Hey there. This is a project I've been working on for a few weeks getting the infrastructure set up, and I've just recently finished getting it to the point where I can actually have it do something other than use up bandwidth and CPU time.
The project is, for lack of a better name, known as SuperiorBOT.
What does it do?
Currently, not much. Much of the time was spent setting up data collection from popular furry sites (e621, SoFurry, and FurAffinity only currently), and the only thing I've had it do so far was flag exact pixel-for-pixel matches of images. You might have noticed this if you looked at the flag history over the past few days.
What is it going to do?
Quite a bit, hopefully. There's a bunch of things on E621 that I've felt could be automated (or at least made easier) with the help of having lots of data available. In other words, basically I've built myself a local copy of the databases of e621, SoFurry, and FurAffinity. The following is a list of potential ideas that may or may not be implemented.
Current work
6/28/16 - Replacing image cache system with zip files instead of storing them directly on the filesystem. Disk I/O is beginning to be a problem when I have millions of 20kb png files scattered around...

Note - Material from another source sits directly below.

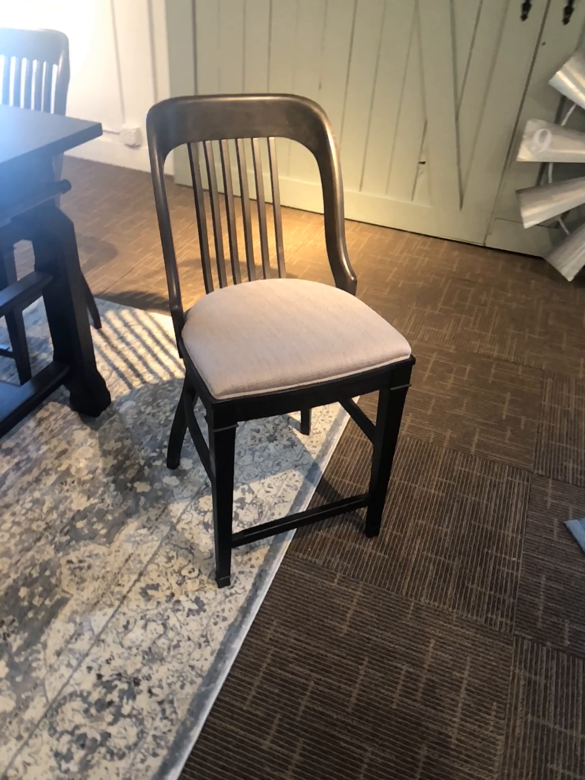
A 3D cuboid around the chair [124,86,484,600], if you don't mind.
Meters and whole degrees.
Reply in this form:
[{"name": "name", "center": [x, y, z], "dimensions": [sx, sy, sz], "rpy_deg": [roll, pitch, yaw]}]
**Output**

Unimplemented Dangerous Stuff
If something's listed in this section, it means I'll consult with and get approval from admins before implementing any of it.
- Add year tags to posts missing them (2008, 2013, etc) based on matching decoded image MD5 sums with images found on FurAffinity.
- Add artist tags to images based on their source links.
- Automatically generate new artists when posts by them are uploaded for the first time.
- Add sources to images when more are found on FurAffinity or SoFurry.
- Remove/fix dead sources (for example data.furaffinity.net)
- Transfer applicable tags from inferior posts to superior posts.
- Automatically add color-based tags like greyscale, monochrome, sepia, black_and_white, restricted_palette, alpha_channel
- Add ratio and resolution tags to new posts
Unimplemented Safe Stuff
Some less interesting stuff that poses zero danger to e621 site operation.
- Fix decoded image MD5 sums for gif images so it takes into account more than just the very first frame.
- Add support for data collection from more furry sites!
- Build a list of images that are visually similar to each other without being parented or linked in any way (using the same technique that powers http://iqdb.harry.lu/) Still unknown if any action taken on these posts will be automated or fully manual.
Changelog
- 6/20/16 Post below now automatically updates with status information about the bot.
- 6/20/16 Created this post.
Updated by user 59725